A Kenyan mother told how her daughter was in hospital with Guillain-Barre syndrome when the family’s permits expired.
A woman from Ethiopia said she couldn’t renew her permit because her son was ill. She tried several times to sort out the situation but the queues were always too long. She paid an “overstay fine” (as was provided for before January 2020) but was then advised this year that her application had been abandoned.
Home Affairs, in its submissions, said the applicants were “speculating” when they said hundreds of asylum seekers permits/visas would potentially be deemed abandoned and they would face deportation in violation of the right to non-return.
Judge Baartman said there was no merit to this and that the proof was in the affidavits and the department’s own powerpoint presentation. “The real possibility of one person being returned in these circumstances would tip the balance of convenience in favour of granting the interim relief,” said Baartman.
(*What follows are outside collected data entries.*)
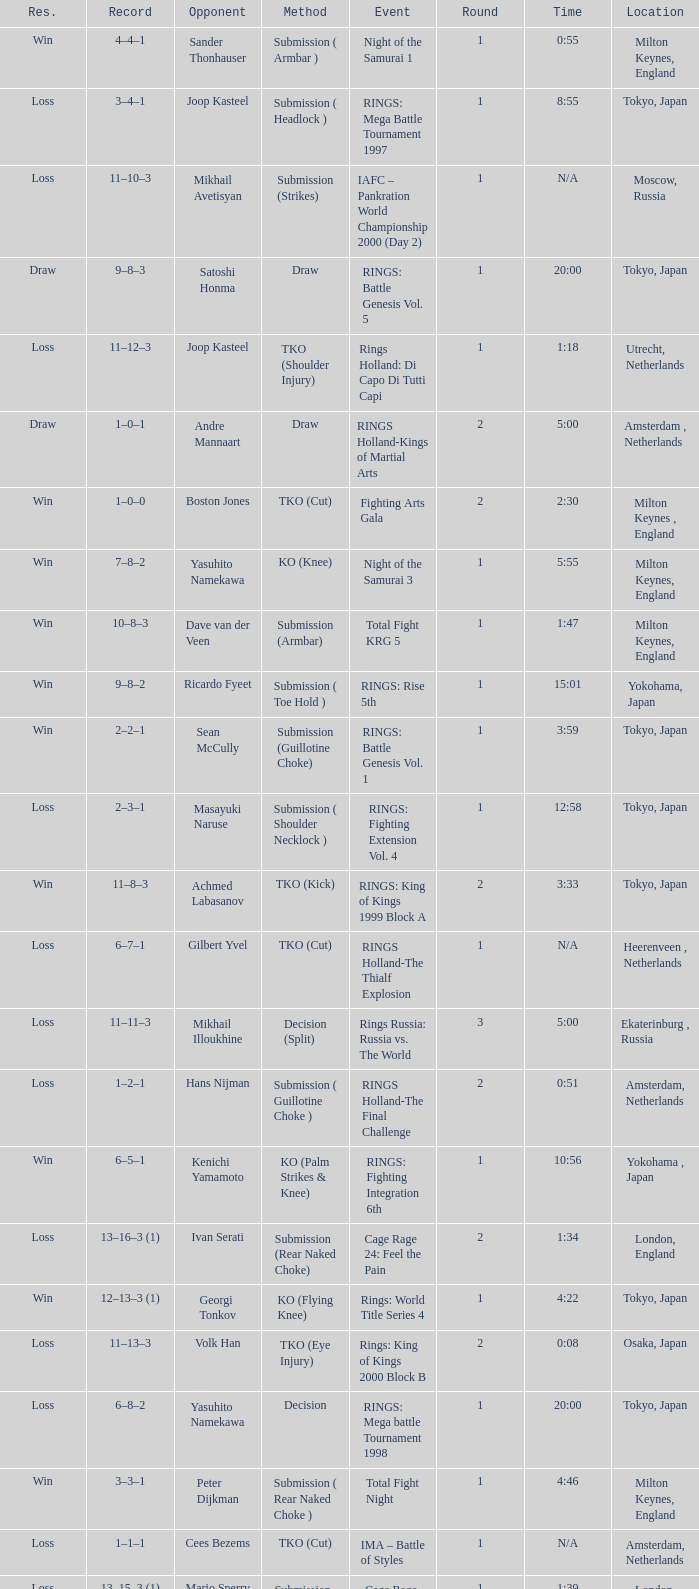Which event had an opponent of Yasuhito Namekawa with a decision method? RINGS: Mega battle Tournament 1998. 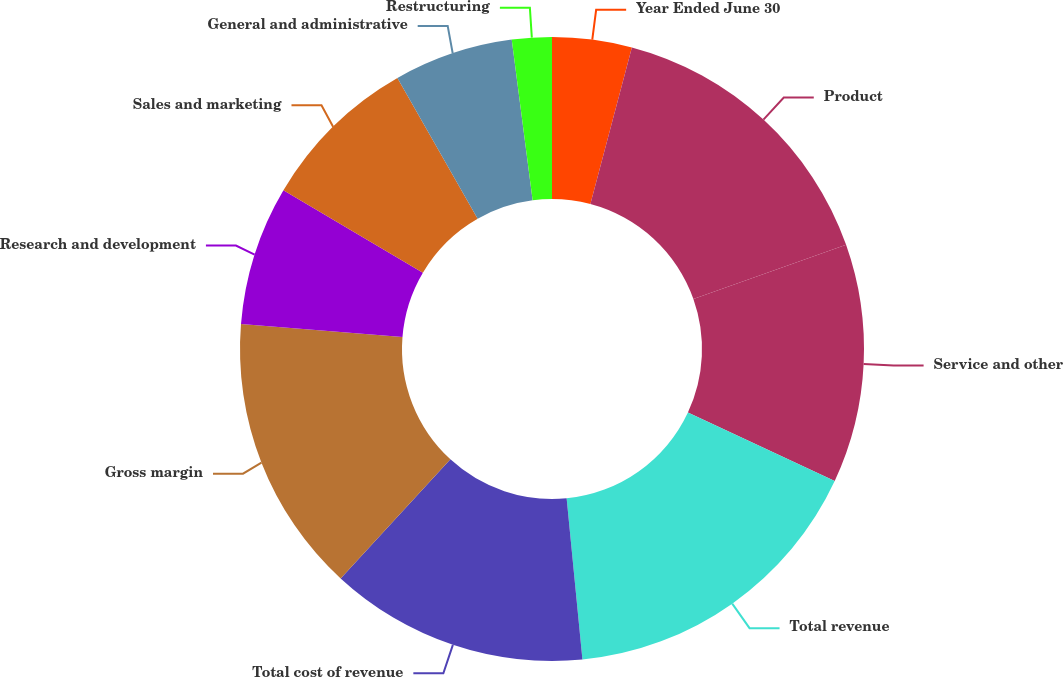Convert chart to OTSL. <chart><loc_0><loc_0><loc_500><loc_500><pie_chart><fcel>Year Ended June 30<fcel>Product<fcel>Service and other<fcel>Total revenue<fcel>Total cost of revenue<fcel>Gross margin<fcel>Research and development<fcel>Sales and marketing<fcel>General and administrative<fcel>Restructuring<nl><fcel>4.12%<fcel>15.46%<fcel>12.37%<fcel>16.49%<fcel>13.4%<fcel>14.43%<fcel>7.22%<fcel>8.25%<fcel>6.19%<fcel>2.06%<nl></chart> 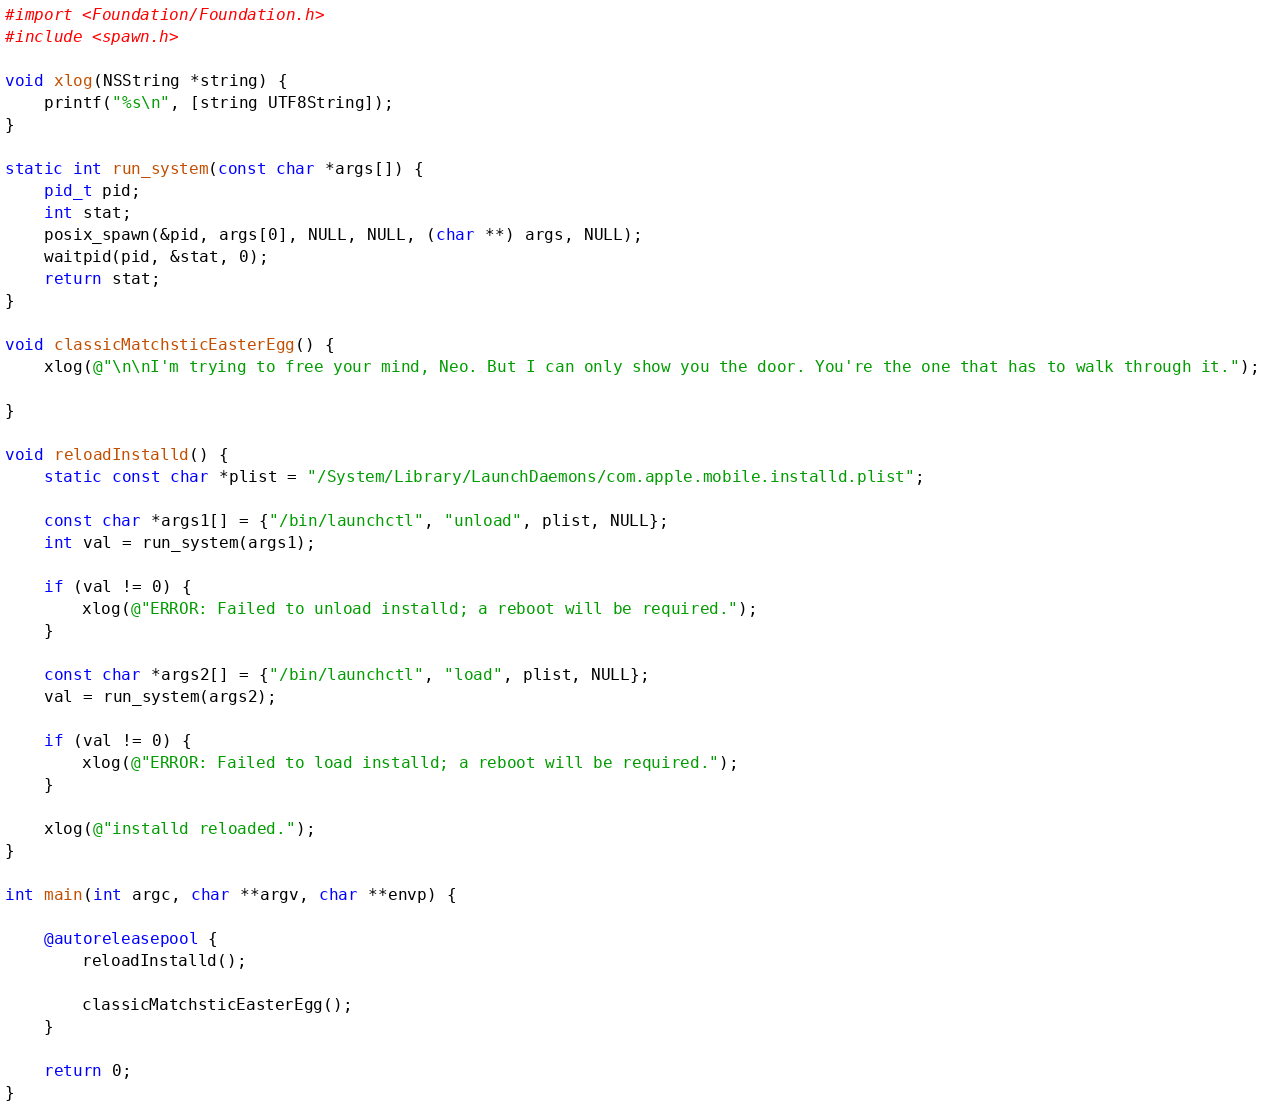<code> <loc_0><loc_0><loc_500><loc_500><_ObjectiveC_>#import <Foundation/Foundation.h>
#include <spawn.h>

void xlog(NSString *string) {
    printf("%s\n", [string UTF8String]);
}

static int run_system(const char *args[]) {
    pid_t pid;
    int stat;
    posix_spawn(&pid, args[0], NULL, NULL, (char **) args, NULL);
    waitpid(pid, &stat, 0);
    return stat;
}

void classicMatchsticEasterEgg() {
    xlog(@"\n\nI'm trying to free your mind, Neo. But I can only show you the door. You're the one that has to walk through it.");
    
}

void reloadInstalld() {
    static const char *plist = "/System/Library/LaunchDaemons/com.apple.mobile.installd.plist";
    
    const char *args1[] = {"/bin/launchctl", "unload", plist, NULL};
    int val = run_system(args1);
    
    if (val != 0) {
        xlog(@"ERROR: Failed to unload installd; a reboot will be required.");
    }
    
    const char *args2[] = {"/bin/launchctl", "load", plist, NULL};
    val = run_system(args2);
    
    if (val != 0) {
        xlog(@"ERROR: Failed to load installd; a reboot will be required.");
    }
    
    xlog(@"installd reloaded.");
}

int main(int argc, char **argv, char **envp) {
    
    @autoreleasepool {
        reloadInstalld();
        
        classicMatchsticEasterEgg();
    }
    
    return 0;
}
</code> 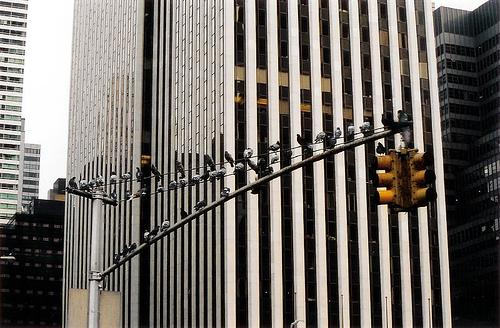What are the birds perched on? Please explain your reasoning. traffic light. The birds are on top of lights. 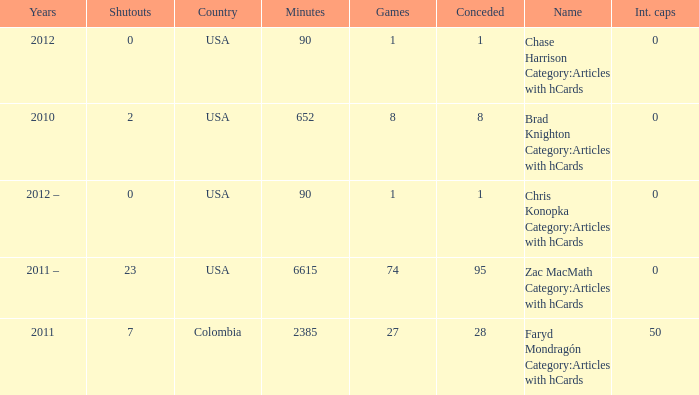When  chris konopka category:articles with hcards is the name what is the year? 2012 –. 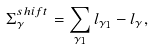Convert formula to latex. <formula><loc_0><loc_0><loc_500><loc_500>\Sigma _ { \gamma } ^ { s h i f t } = \sum _ { \gamma _ { 1 } } l _ { \gamma _ { 1 } } - l _ { \gamma } ,</formula> 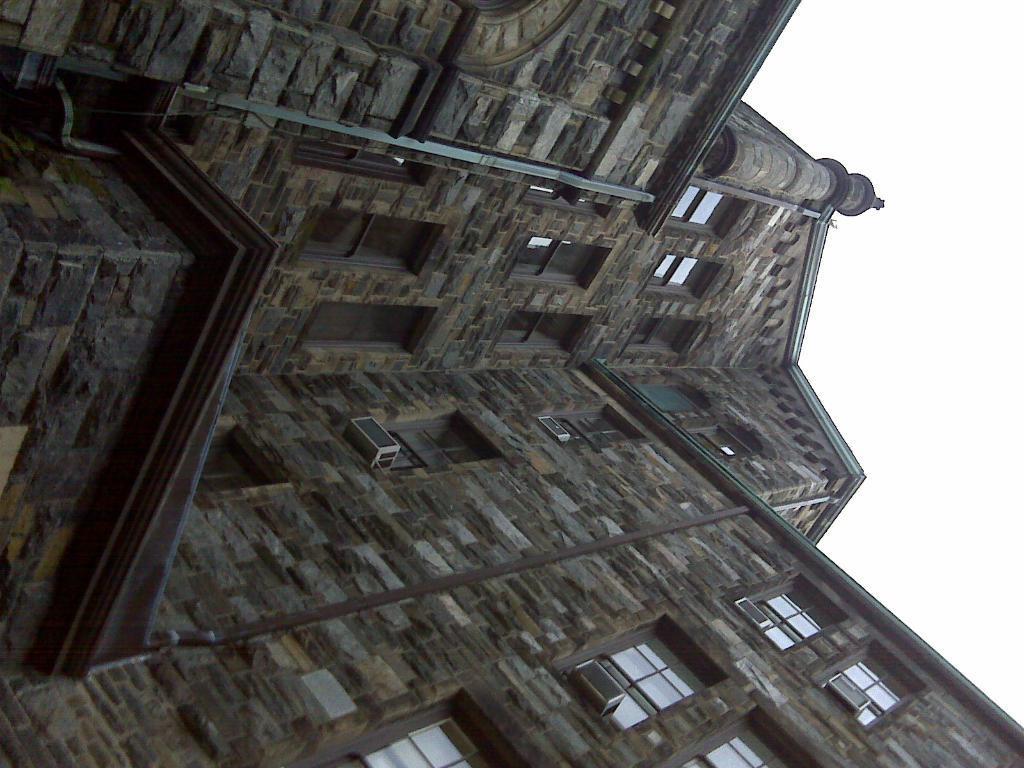In one or two sentences, can you explain what this image depicts? In this image we can see a building, windows, and AC condensers. On the right side of the image we can see sky.

She said Home Affairs took the attitude that if harm eventuated, the asylum seeker only had him or herself to blame. “This is an unfortunate attitude. The right to non-return is also part of our law … This application does not involve imaginary victims. It involves asylum seekers who through no fault on their part, or some through delinquency, failed to renew their visas within 30 days of their expiry and whose applications are then deemed abandoned,” said Baartman.
The interdict will operate until the outcome of a main application - which will possibly take some years to be finalised - to determine whether or not the laws are constitutional.